The Dutch are known for their initiative in harnessing wind power to generate electricity. So, it should come as no surprise that a Dutch firm, NL Architects, is one of the first to come up with a radical idea to make this technology more viable and compact for use in an urban environment. The firm has developed what it calls ‘Power Flowers’, and these are, simply put, next generation windmills. They are remarkably compact and efficient, and may just be the urban answer developers of alternate energy sources have been looking for.

While large wind turbines generate plenty of electricity, the amount of infrastructure and land they take up, makes them inapplicable to urban environments. The Power Flowers, on the other hand, are economical in their use of land and infrastructure. A power flower consists of a narrow pole, about the same size as a streetlamp, and there are small, vertical axis power generating turbines branching out from the pole on either side. Imagine it as a tree adorned with a few large flowers. Each ‘tree’ consists of either 3 or 12 turbines.

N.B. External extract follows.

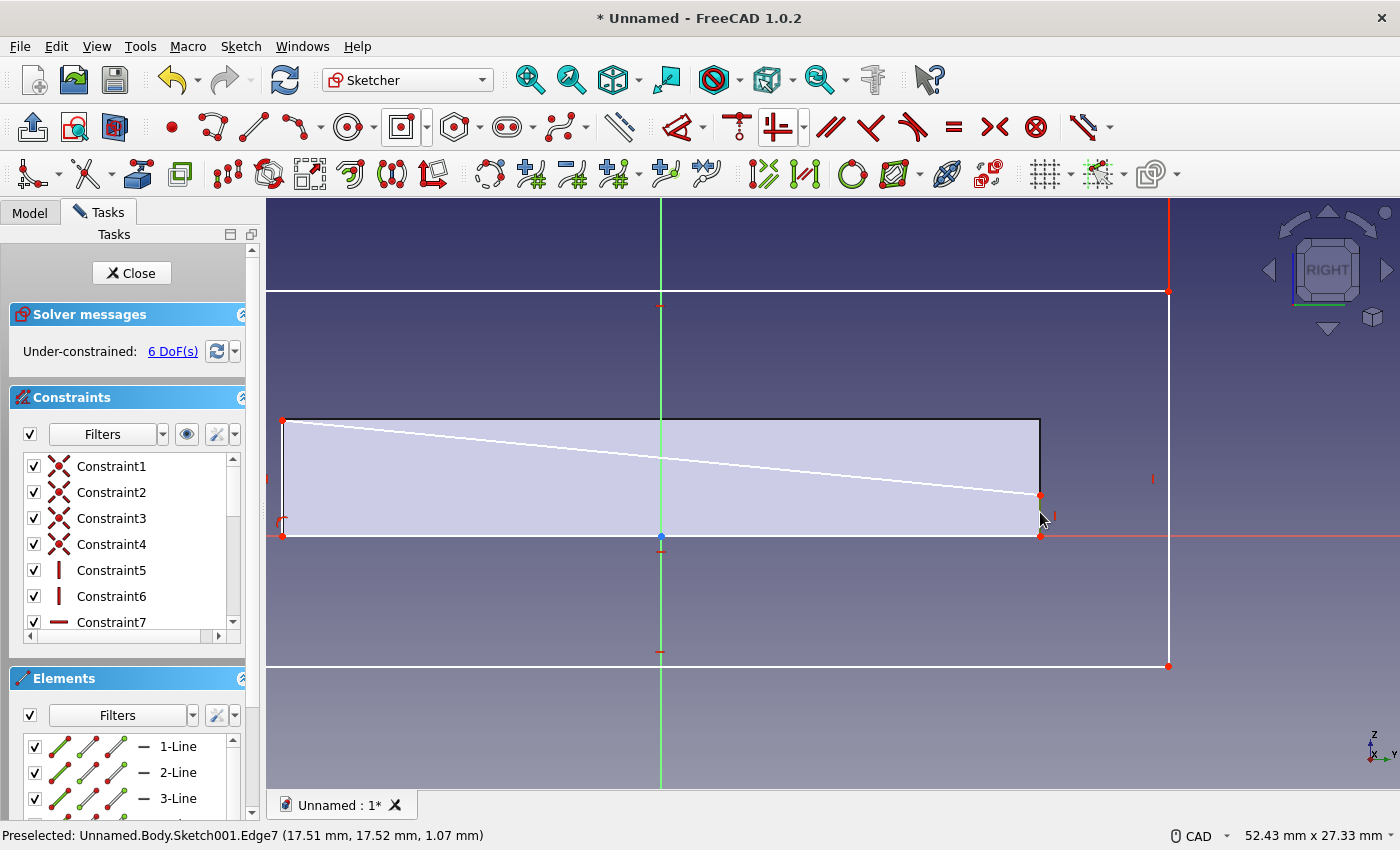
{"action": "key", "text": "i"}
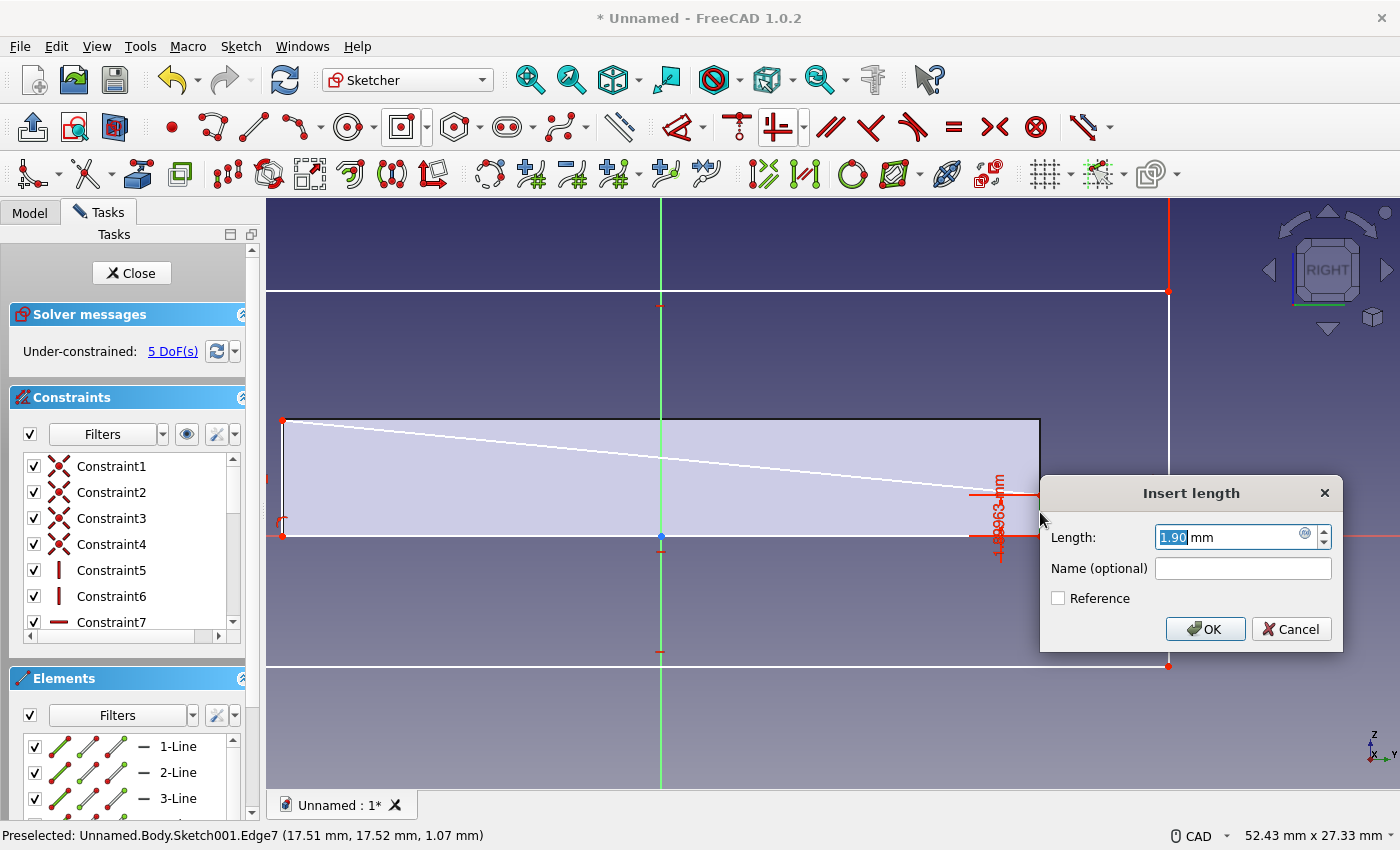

Apart from their compact size and ease of installation near places where the electric power is actually needed, the Power Flowers offer other advantages. To begin with, they are virtually noiseless, and most importantly, it is not necessary to direct them into the wind. Thanks to their aesthetically pleasing design, they won’t be a street-side eyesore either. In fact, the designers believe that these next-gen windmills will blend into the urban environment just as easily as telephone towers, electric lines and streetlamps. The power flowers could also fit into someone’s personal backyard.

The Power Flower designers have an American firm to thank for developing these 4 KW turbines. Urban Green Energy, the developers, intended the use of these turbines on city rooftops. However, the rooftop turbines are only 1 KW generators, and cost $7,000 each. Sounds really expensive, but in the state of California, where a rebate is offered by the government, one could break even in roughly 10 years. This technology is already being used on the roof of the National Guard building in Ohio and atop virtually every house of a middle-class subdivision in St. Louis.

The CEO of Urband Green Energy, Nick Bitterswyk, is noticeably excited about the future prospects of wind-generated power, and NL Architects have just justified his optimism!